Exercise aim:
Return all of the entries exactly as written.

** Data provided follows **

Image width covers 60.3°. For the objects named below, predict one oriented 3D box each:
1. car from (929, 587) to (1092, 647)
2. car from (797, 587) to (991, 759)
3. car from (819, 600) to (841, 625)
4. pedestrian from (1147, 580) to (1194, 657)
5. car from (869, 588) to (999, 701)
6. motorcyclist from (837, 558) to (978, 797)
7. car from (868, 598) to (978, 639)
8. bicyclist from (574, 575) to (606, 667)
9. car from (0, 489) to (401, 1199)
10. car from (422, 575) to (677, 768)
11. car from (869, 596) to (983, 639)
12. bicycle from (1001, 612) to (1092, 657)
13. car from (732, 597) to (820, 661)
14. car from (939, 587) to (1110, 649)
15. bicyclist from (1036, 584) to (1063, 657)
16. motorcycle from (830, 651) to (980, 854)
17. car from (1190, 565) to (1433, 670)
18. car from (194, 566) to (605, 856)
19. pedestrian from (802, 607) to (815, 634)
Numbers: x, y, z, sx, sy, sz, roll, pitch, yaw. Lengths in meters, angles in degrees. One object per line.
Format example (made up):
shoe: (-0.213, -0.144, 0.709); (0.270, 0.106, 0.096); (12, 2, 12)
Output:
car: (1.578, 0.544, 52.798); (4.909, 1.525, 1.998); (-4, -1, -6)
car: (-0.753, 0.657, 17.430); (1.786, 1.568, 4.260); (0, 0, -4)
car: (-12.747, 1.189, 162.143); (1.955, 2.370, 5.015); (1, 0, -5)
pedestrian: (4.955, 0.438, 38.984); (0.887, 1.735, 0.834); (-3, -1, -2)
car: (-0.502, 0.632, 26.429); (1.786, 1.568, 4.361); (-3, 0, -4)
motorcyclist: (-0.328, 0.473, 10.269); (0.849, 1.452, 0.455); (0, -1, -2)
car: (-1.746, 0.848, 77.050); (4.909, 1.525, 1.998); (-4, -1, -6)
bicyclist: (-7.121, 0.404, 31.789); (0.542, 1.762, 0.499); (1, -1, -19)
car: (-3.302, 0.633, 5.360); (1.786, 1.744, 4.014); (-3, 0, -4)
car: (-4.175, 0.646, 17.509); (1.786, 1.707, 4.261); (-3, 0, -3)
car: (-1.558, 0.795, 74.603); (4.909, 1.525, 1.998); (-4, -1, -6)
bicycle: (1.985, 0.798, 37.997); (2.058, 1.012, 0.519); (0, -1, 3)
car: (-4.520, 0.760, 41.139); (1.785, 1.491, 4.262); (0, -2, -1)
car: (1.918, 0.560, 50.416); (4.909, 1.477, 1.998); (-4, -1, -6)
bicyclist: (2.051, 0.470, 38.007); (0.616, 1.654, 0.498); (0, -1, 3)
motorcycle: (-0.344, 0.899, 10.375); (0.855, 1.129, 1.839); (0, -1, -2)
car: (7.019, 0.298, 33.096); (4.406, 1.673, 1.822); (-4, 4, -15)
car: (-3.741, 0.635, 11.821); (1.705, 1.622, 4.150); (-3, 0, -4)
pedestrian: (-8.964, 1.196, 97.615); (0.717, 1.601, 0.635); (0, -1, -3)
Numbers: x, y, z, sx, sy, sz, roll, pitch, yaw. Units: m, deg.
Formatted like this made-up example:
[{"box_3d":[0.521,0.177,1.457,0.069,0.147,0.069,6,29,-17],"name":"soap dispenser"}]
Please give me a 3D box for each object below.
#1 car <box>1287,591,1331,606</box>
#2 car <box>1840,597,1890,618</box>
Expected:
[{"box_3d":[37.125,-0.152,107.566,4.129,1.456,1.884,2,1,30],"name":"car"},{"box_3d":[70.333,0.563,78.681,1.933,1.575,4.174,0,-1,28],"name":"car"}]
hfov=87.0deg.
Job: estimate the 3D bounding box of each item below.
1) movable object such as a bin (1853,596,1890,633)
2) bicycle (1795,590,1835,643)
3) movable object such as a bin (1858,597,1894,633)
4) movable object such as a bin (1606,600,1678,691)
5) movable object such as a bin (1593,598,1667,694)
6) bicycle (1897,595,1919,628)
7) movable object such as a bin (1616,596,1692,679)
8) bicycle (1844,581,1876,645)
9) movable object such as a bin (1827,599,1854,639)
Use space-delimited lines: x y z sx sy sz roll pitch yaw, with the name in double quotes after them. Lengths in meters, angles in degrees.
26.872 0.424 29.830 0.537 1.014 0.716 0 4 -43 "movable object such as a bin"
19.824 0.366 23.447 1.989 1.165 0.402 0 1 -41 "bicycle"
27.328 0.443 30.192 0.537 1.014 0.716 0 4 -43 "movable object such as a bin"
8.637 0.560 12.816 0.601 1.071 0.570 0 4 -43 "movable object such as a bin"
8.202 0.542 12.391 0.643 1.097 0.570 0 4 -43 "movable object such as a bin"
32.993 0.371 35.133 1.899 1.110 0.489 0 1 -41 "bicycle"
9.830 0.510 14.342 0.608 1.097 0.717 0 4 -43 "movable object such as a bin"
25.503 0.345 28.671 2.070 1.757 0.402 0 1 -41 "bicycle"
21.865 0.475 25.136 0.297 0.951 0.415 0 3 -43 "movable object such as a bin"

** End of Data provided **

Written answer:
Image width covers 60.3°. For the objects named below, predict one oriented 3D box each:
1. car from (929, 587) to (1092, 647)
2. car from (797, 587) to (991, 759)
3. car from (819, 600) to (841, 625)
4. pedestrian from (1147, 580) to (1194, 657)
5. car from (869, 588) to (999, 701)
6. motorcyclist from (837, 558) to (978, 797)
7. car from (868, 598) to (978, 639)
8. bicyclist from (574, 575) to (606, 667)
9. car from (0, 489) to (401, 1199)
10. car from (422, 575) to (677, 768)
11. car from (869, 596) to (983, 639)
12. bicycle from (1001, 612) to (1092, 657)
13. car from (732, 597) to (820, 661)
14. car from (939, 587) to (1110, 649)
15. bicyclist from (1036, 584) to (1063, 657)
16. motorcycle from (830, 651) to (980, 854)
17. car from (1190, 565) to (1433, 670)
18. car from (194, 566) to (605, 856)
19. pedestrian from (802, 607) to (815, 634)
Numbers: x, y, z, sx, sy, sz, roll, pitch, yaw. Lengths in meters, angles in degrees. One object per line.
Format example (made up):
shoe: (-0.213, -0.144, 0.709); (0.270, 0.106, 0.096); (12, 2, 12)
Output:
car: (1.578, 0.544, 52.798); (4.909, 1.525, 1.998); (-4, -1, -6)
car: (-0.753, 0.657, 17.430); (1.786, 1.568, 4.260); (0, 0, -4)
car: (-12.747, 1.189, 162.143); (1.955, 2.370, 5.015); (1, 0, -5)
pedestrian: (4.955, 0.438, 38.984); (0.887, 1.735, 0.834); (-3, -1, -2)
car: (-0.502, 0.632, 26.429); (1.786, 1.568, 4.361); (-3, 0, -4)
motorcyclist: (-0.328, 0.473, 10.269); (0.849, 1.452, 0.455); (0, -1, -2)
car: (-1.746, 0.848, 77.050); (4.909, 1.525, 1.998); (-4, -1, -6)
bicyclist: (-7.121, 0.404, 31.789); (0.542, 1.762, 0.499); (1, -1, -19)
car: (-3.302, 0.633, 5.360); (1.786, 1.744, 4.014); (-3, 0, -4)
car: (-4.175, 0.646, 17.509); (1.786, 1.707, 4.261); (-3, 0, -3)
car: (-1.558, 0.795, 74.603); (4.909, 1.525, 1.998); (-4, -1, -6)
bicycle: (1.985, 0.798, 37.997); (2.058, 1.012, 0.519); (0, -1, 3)
car: (-4.520, 0.760, 41.139); (1.785, 1.491, 4.262); (0, -2, -1)
car: (1.918, 0.560, 50.416); (4.909, 1.477, 1.998); (-4, -1, -6)
bicyclist: (2.051, 0.470, 38.007); (0.616, 1.654, 0.498); (0, -1, 3)
motorcycle: (-0.344, 0.899, 10.375); (0.855, 1.129, 1.839); (0, -1, -2)
car: (7.019, 0.298, 33.096); (4.406, 1.673, 1.822); (-4, 4, -15)
car: (-3.741, 0.635, 11.821); (1.705, 1.622, 4.150); (-3, 0, -4)
pedestrian: (-8.964, 1.196, 97.615); (0.717, 1.601, 0.635); (0, -1, -3)
Numbers: x, y, z, sx, sy, sz, roll, pitch, yaw. Units: m, deg.
Formatted like this made-up example:
[{"box_3d":[0.521,0.177,1.457,0.069,0.147,0.069,6,29,-17],"name":"soap dispenser"}]
Please give me a 3D box for each object below.
#1 car <box>1287,591,1331,606</box>
#2 car <box>1840,597,1890,618</box>
Expected:
[{"box_3d":[37.125,-0.152,107.566,4.129,1.456,1.884,2,1,30],"name":"car"},{"box_3d":[70.333,0.563,78.681,1.933,1.575,4.174,0,-1,28],"name":"car"}]
hfov=87.0deg.
Job: estimate the 3D bounding box of each item below.
1) movable object such as a bin (1853,596,1890,633)
2) bicycle (1795,590,1835,643)
3) movable object such as a bin (1858,597,1894,633)
4) movable object such as a bin (1606,600,1678,691)
5) movable object such as a bin (1593,598,1667,694)
6) bicycle (1897,595,1919,628)
7) movable object such as a bin (1616,596,1692,679)
8) bicycle (1844,581,1876,645)
9) movable object such as a bin (1827,599,1854,639)
Use space-delimited lines: x y z sx sy sz roll pitch yaw, with the name in double quotes after them. Lengths in meters, angles in degrees.
26.872 0.424 29.830 0.537 1.014 0.716 0 4 -43 "movable object such as a bin"
19.824 0.366 23.447 1.989 1.165 0.402 0 1 -41 "bicycle"
27.328 0.443 30.192 0.537 1.014 0.716 0 4 -43 "movable object such as a bin"
8.637 0.560 12.816 0.601 1.071 0.570 0 4 -43 "movable object such as a bin"
8.202 0.542 12.391 0.643 1.097 0.570 0 4 -43 "movable object such as a bin"
32.993 0.371 35.133 1.899 1.110 0.489 0 1 -41 "bicycle"
9.830 0.510 14.342 0.608 1.097 0.717 0 4 -43 "movable object such as a bin"
25.503 0.345 28.671 2.070 1.757 0.402 0 1 -41 "bicycle"
21.865 0.475 25.136 0.297 0.951 0.415 0 3 -43 "movable object such as a bin"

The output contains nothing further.